Gelato Day

The warm summer days are here, it’s lazy out on the lake, and the trails are calling for bicycling. Folks are coming up to the Northwoods from all around, and everyone’s looking for a good time. What could top that off better than a scoop of fresh gelato from Farmstead Creamery? In our fourth summer of making homemade gelato from our own milk right off the farm, we’ve encountered a cadre of questions about this special frozen dairy dessert. Maybe you’ve had questions too—so here’s the scoop on gelato.

What Makes Gelato so Special?
Throughout the summertime, folks make the pilgrimage to Farmstead Creamery to enjoy our homemade gelato. Again, and again, we get questions about what makes gelato gelato, so here’s some of the story.

The Story Behind the Name: In Italian, the word “gelato” means “frozen.” Frozen dairy treats date back to Roman times, but gelato was a treat for the weathly who could afford to haul ice down from the mountains. It’s only been recently in history that frozen dairy desserts have been available to everyone, and many folks remark that they “ate their way across Italy on gelato.”

How is Gelato Different from Ice-Cream?: This is the leading question we hear from folks who are interested in unraveling the mysteries of this delicious treat. Here are the highlights:
• Half the butterfat of ice-cream, even though the texture and taste seems rich

• Half the amount of air whipped into the products (called “over-run” in the frozen dairy world), resulting in a custardy consistency

• Served warmer, meaning less freezing of the tongue
Because of these factors, gelato doesn’t need artificial flavors to punch through the extra butterfat and coldness. And because of the density of the product, it can support real fruit purees and nut butters without the structure collapsing.
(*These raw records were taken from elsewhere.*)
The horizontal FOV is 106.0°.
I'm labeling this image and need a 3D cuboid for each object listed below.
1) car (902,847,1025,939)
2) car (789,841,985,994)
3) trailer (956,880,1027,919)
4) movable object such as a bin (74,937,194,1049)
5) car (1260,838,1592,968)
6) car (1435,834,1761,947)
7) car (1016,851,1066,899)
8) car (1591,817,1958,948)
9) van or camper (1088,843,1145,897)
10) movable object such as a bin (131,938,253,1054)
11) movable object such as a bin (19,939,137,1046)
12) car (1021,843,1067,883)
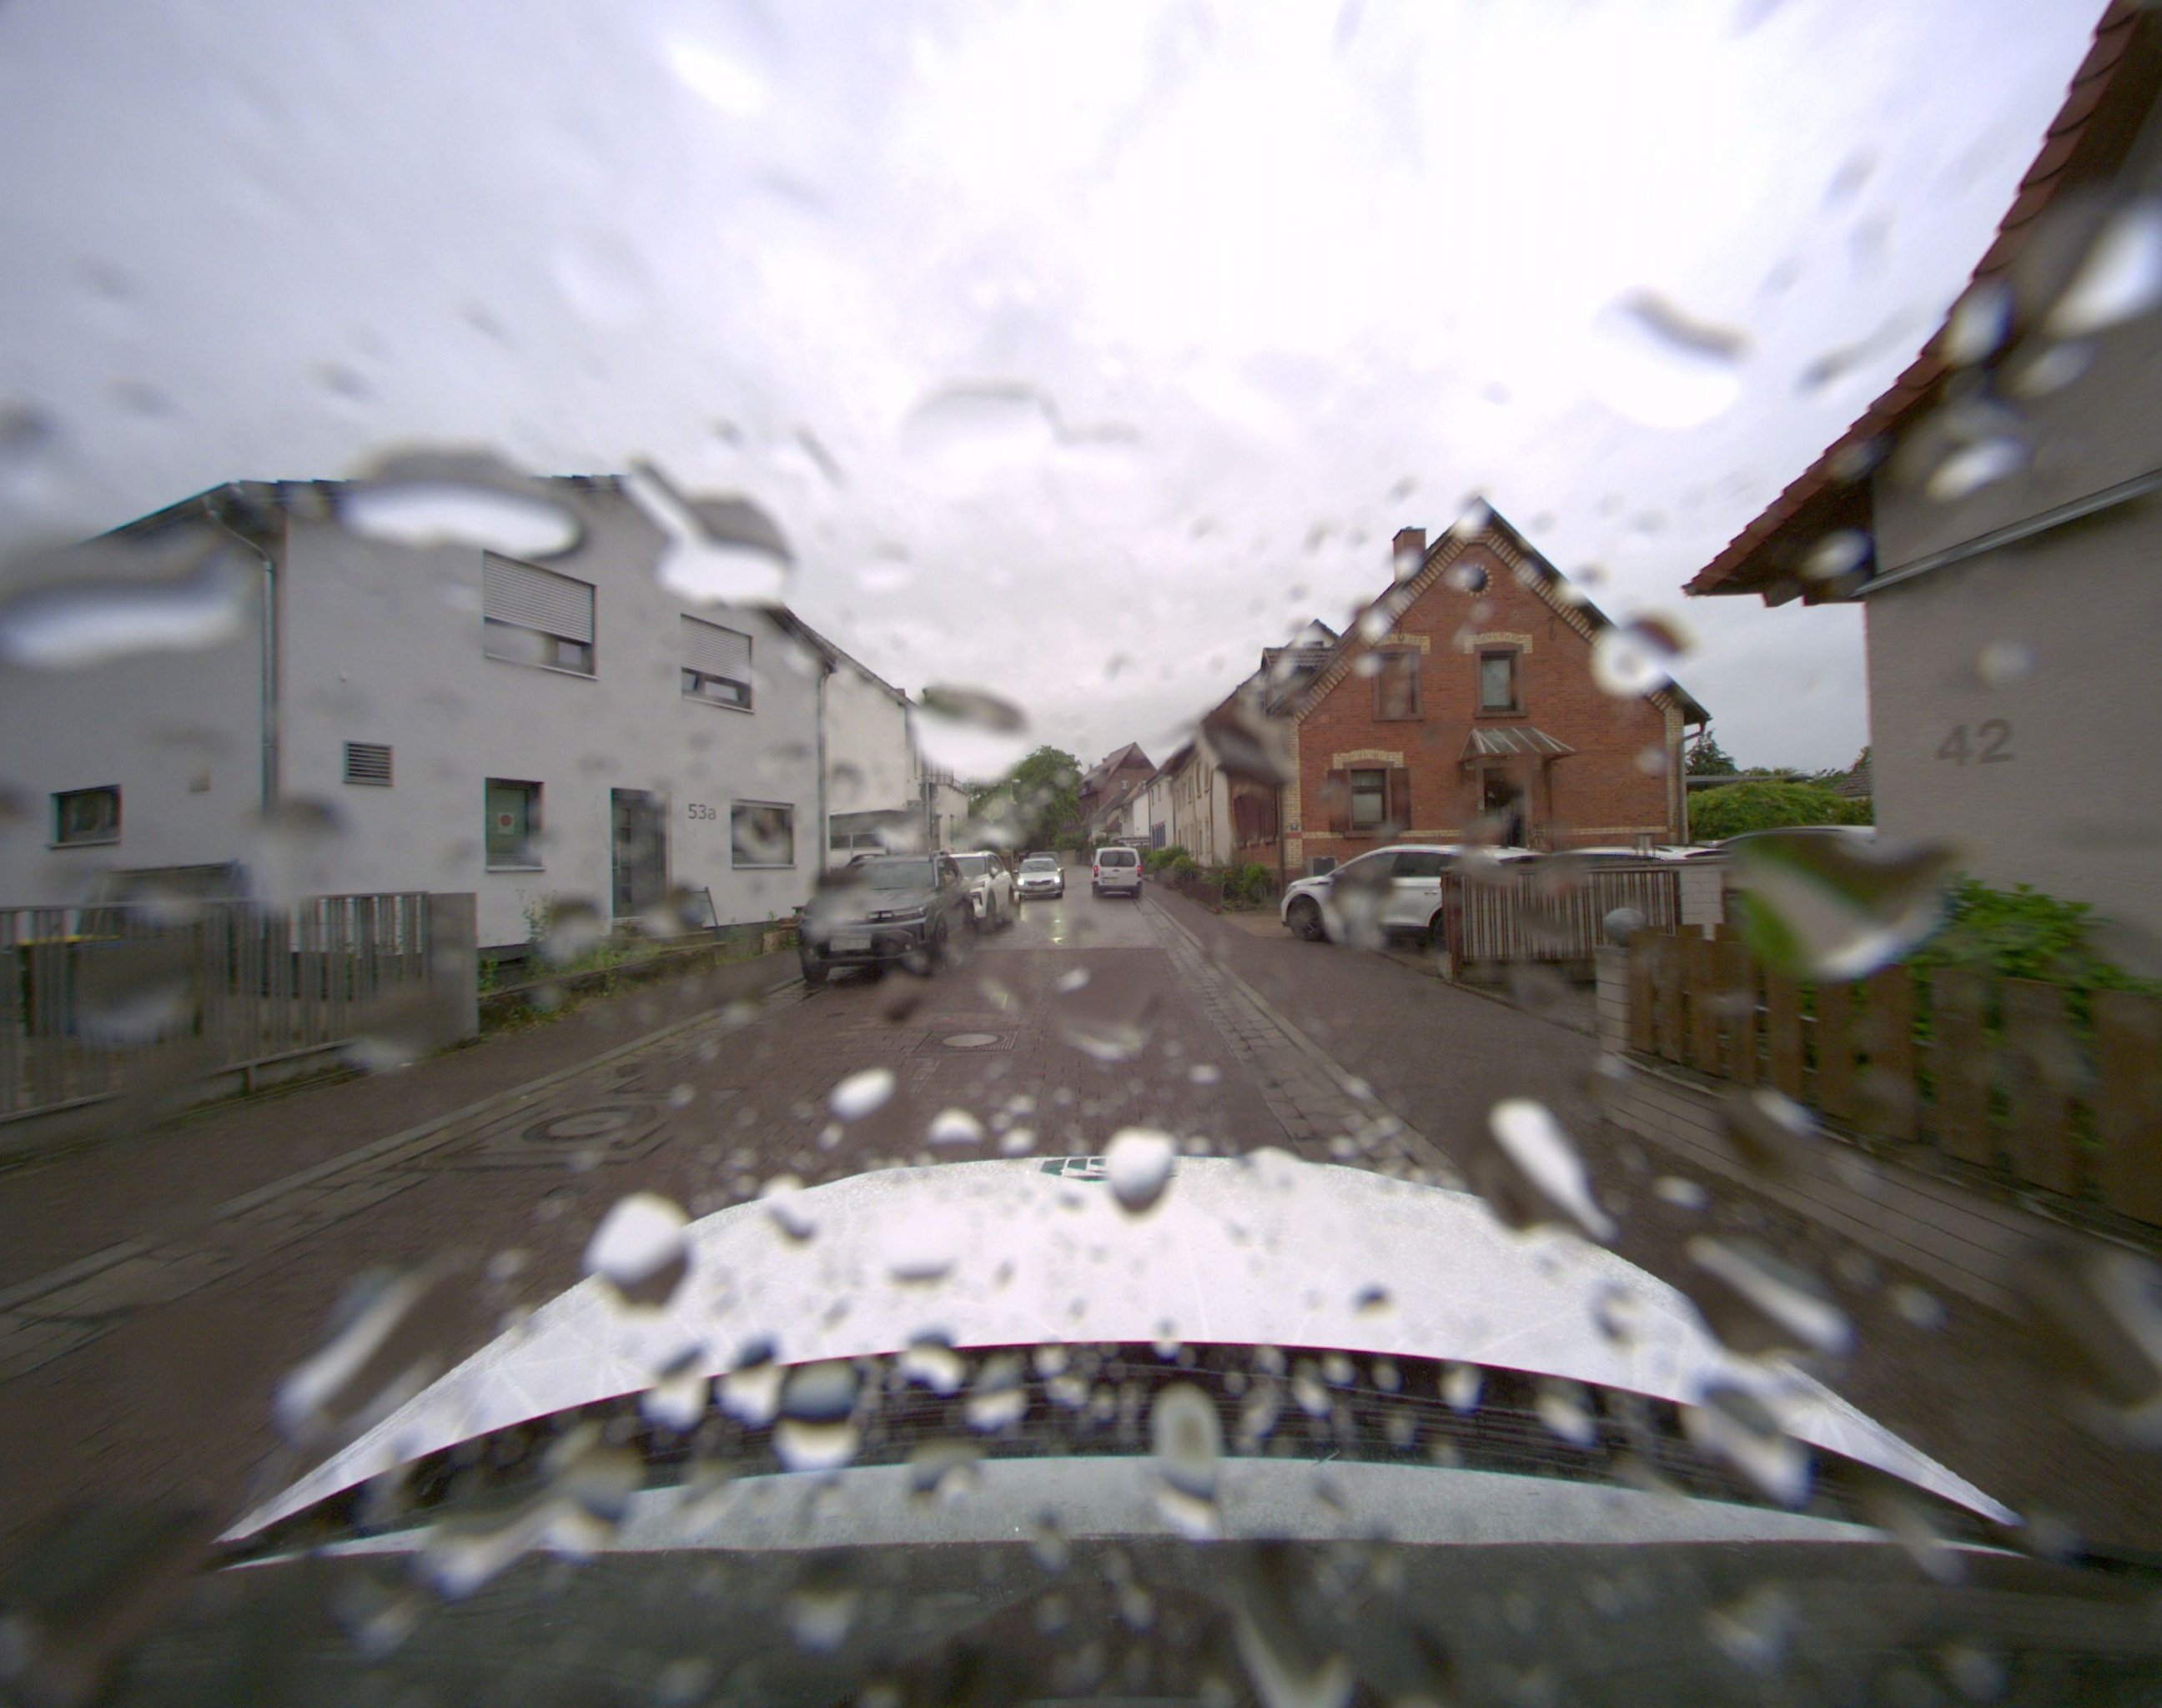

What Makes the Gelato at Farmstead Creamery Special? Some gelaterias make their product from a powdered mix, which can give gelato a bad name if this version of the dessert was your first exposure, but at Farmstead, we make authentic Italian gelato with a special twist.

Kara trained at the Gelato and Pastry Institute on Long Island in NY, where they flew in master Italian gelato makers for their courses. While at the class, the instructor taught students how to make the “base” (milk and sugar mix that is the starter for all gelato flavors) as well as the finer points of working in fruits, nuts, chocolates, and other inclusions.

While cow’s milk is most commonly used for making gelato today, Kara was interested in using her sheep’s milk, which has a butterfat content of 6 to 7%–the same percentage as is needed for making gelato. She didn’t want to use any other cream or milk solids, so that people with cow lactose issues could enjoy her product. The instructor took special time to help Kara craft her own recipe for base that just uses sheep’s milk–the recipe we still use today.

As far as we’ve been able to research, the only other sheep’s milk gelato producers are in California, Scotland, and Australia. Sheep’s milk is mild and sweet–perfect for a cold summer treat.

I Don’t Get Any Film in My Mouth When I Eat Your Gelato, What’s the Difference? Many ice creams and even commercial gelatos use artificial stabilizers and conditioners that leave a gummy film in your mouth. We use whole ingredients in our product, which leaves a clean and fresh finish on the palate.

This does mean that our product is more fragile and can’t hold out in the scooping case for more than a week (not that this is much of a concern in July!). For longer-term storage, keeping our gelato in the freezer helps, but it must be tempered (slowly warmed) to serving temps before enjoying. But still–nothing’s quite as good as when it’s first out of the batch freezer, so catch it fresh!

Is Farmstead’s Gelato Lactose Free? Lactose is the protein in milk, which can trigger a variety of allergy symptoms for folks who’ve become sensitized. But for many, this allergy is animal specific. Sheep’s milk has different lactose protein chains from cow’s milk. A good indication that you can enjoy our gelato despite lactose sensitivity is whether or not you’ve had any symptoms from goat’s milk products. Others will start with a small taste to see how it works for them. We’ve had clients offer huge hugs in celebration of their new ability to enjoy ice-cream-like products again!

Will it Taste Like Goat’s Milk? Fear not, sheep are not goats (though goat cheese is very yummy too), and the goaty tang is not for everyone. But sheep’s milk is very mild and a little sweet. You probably wouldn’t know it wasn’t from cow’s milk if we didn’t tell you. So join the summer adventure and stop on by to treat yourself to a cup of our special (and delicious) sheep’s milk gelato!